By now, it obvious to everyone that we are in a bear market. We have seen about a 30% decline from the U.S. stock market’s peak in the third week of February 2020. Whether and how much it gets worse from here is an open question.
Investors whose portfolios have been heavily concentrated in equities throughout this year have taken large losses, and that includes the target-date retirement funds where 401K funds are invested if investors do not make specific elections. The S&P500’s year-to-date performance is negative 28.50%. Even buy-and-hold investors who allocate 60% to equities and 40% to treasuries have seen their portfolios plunge more than 15% YTD. But momentum investors and their advisers have performed better in many cases. Why?
The answer is that defensive asset classes like long-term U.S. treasuries and gold have demonstrated positive price momentum over the last several months to the extent that it made sense to incorporate these assets in a portfolio many months before the bear market began. The momentum of these asset classes has buffered momentum portfolios which have taken a much smaller drawdown than ones that did not.
The following chart compares the monthly total return of a tactical momentum portfolio like the ones that Stillpoint manages compared to three alternatives: (1) a popular S&P500 index exchange-traded fund (ticker: SPY); (2) a low-fee target date retirement fund for a 40-year-old investor; and (3) a portfolio that allocates 60% to equities and 40% to 10-year U.S. treasuries.
The buy-and-hold portfolio splits its equity component into the U.S. large cap stock market (SPY) and the foreign developed world stock market (EFA) in equal parts. The Stillpoint portfolio also includes a reduction for a common 1% adviser fee, while the other alternatives do not include such a fee deduction.
In every month but one (January 2020), the momentum portfolio outperformed the buy-and-hold portfolio, and the Stillpoint portfolio protected the downside better that the alternatives that were totally or mostly concentrated in equities.

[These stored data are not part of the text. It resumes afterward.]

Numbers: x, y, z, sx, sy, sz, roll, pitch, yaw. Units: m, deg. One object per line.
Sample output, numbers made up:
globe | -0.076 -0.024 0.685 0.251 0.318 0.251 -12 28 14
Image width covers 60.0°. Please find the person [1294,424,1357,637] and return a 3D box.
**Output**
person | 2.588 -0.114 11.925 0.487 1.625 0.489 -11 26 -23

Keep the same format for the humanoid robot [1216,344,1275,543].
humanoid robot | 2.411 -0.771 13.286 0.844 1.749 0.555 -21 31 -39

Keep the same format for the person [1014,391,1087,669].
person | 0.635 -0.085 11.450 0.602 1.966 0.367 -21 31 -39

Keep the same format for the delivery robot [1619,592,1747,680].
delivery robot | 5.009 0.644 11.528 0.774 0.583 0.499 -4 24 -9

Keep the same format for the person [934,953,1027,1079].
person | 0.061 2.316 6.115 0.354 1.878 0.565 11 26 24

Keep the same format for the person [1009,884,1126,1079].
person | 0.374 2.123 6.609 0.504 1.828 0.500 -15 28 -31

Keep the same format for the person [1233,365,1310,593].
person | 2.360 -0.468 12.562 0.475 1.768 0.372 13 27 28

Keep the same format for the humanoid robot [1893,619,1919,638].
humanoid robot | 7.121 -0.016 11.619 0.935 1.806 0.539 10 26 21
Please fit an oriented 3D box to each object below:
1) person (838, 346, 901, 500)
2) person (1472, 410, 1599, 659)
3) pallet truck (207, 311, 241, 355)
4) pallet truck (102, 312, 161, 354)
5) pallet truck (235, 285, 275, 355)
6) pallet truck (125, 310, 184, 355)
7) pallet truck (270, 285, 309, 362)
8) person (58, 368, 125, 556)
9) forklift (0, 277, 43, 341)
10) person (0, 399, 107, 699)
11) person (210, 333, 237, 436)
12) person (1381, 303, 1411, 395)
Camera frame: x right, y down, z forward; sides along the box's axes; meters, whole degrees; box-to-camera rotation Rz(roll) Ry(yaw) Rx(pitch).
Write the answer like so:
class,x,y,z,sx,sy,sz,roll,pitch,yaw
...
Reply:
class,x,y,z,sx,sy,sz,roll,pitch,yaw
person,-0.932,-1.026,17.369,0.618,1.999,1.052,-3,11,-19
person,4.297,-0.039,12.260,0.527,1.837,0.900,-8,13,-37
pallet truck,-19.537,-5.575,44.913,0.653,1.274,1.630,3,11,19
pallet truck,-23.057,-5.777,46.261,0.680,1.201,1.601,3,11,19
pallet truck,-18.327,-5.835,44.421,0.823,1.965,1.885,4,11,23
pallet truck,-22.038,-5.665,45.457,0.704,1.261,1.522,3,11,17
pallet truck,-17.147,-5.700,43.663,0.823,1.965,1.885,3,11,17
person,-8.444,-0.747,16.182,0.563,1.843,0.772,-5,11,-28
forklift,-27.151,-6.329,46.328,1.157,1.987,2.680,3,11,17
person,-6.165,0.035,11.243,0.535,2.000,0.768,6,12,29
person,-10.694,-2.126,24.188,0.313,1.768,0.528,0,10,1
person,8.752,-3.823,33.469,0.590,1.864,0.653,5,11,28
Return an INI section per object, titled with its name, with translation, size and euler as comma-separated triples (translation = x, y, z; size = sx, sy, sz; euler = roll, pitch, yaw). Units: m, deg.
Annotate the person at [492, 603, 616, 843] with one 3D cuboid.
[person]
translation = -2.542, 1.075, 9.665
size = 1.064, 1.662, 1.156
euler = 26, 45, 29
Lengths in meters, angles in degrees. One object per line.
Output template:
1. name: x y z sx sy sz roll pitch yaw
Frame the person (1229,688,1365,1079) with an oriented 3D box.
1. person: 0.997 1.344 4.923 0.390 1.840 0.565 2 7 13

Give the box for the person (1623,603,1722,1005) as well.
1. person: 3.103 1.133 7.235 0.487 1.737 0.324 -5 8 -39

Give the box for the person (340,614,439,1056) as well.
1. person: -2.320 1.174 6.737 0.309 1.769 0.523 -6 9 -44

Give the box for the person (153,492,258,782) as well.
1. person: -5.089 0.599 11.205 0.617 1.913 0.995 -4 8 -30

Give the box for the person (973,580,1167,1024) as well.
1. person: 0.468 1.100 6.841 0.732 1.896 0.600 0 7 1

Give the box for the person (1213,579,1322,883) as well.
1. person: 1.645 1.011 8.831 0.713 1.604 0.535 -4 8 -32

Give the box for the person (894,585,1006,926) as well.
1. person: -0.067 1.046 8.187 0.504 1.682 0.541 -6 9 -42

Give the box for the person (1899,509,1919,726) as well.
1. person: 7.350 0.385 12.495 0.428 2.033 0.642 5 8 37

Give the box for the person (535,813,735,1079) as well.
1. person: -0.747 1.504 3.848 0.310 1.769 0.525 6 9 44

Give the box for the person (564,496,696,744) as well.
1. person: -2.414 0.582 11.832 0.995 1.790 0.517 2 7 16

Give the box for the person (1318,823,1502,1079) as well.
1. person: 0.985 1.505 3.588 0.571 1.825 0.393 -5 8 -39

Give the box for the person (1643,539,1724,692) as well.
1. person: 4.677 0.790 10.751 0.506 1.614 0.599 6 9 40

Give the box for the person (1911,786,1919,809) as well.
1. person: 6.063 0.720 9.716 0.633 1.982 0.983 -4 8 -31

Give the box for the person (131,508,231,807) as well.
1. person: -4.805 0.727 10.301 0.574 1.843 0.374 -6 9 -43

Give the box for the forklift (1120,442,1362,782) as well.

Compared to the 60/40 buy-and-hold portfolio, Stillpoint’s relative outperformance was strongest when the buy-and-hold portfolio was weakest. This occurred because the momentum portfolio tactically became more defensive in February and March than the buy-and-hold portfolio was positioned. Specifically, gold and U.S. treasuries enabled the portfolio to play defense in a way that the buy-and-hold portfolio could not, even though the buy-and-hold portfolio had allocated 40% to 10-year U.S. treasuries, itself a strong defensive play.
The Stillpoint portfolios were constructed by looking at the performance of a wide range of asset class exchange-traded funds (ETFs) on a 3-, 6-, and 12-month basis. By conducting this examination, the relative outperformance of gold and U.S. Treasuries was unmistakable.
Of course, any portfolio with a heavier concentration of equities and smaller or no concentration with treasuries has performed far worse than the Stillpoint portfolios. Indeed, many target-date portfolios in 401K plans have heavier concentrations of equities in their portfolios, and those portfolios have struggled mightily in 2020, as did the low-fee 2045 target-date retirement fund did above.
It should be noted that momentum portfolios do not always outperform buy-and-hold portfolios. Typically, momentum portfolios lag buy-and-hold portfolios in bull markets. But over a full business cycle, which includes a complete bull and bear markets, momentum portfolios typically have the edge.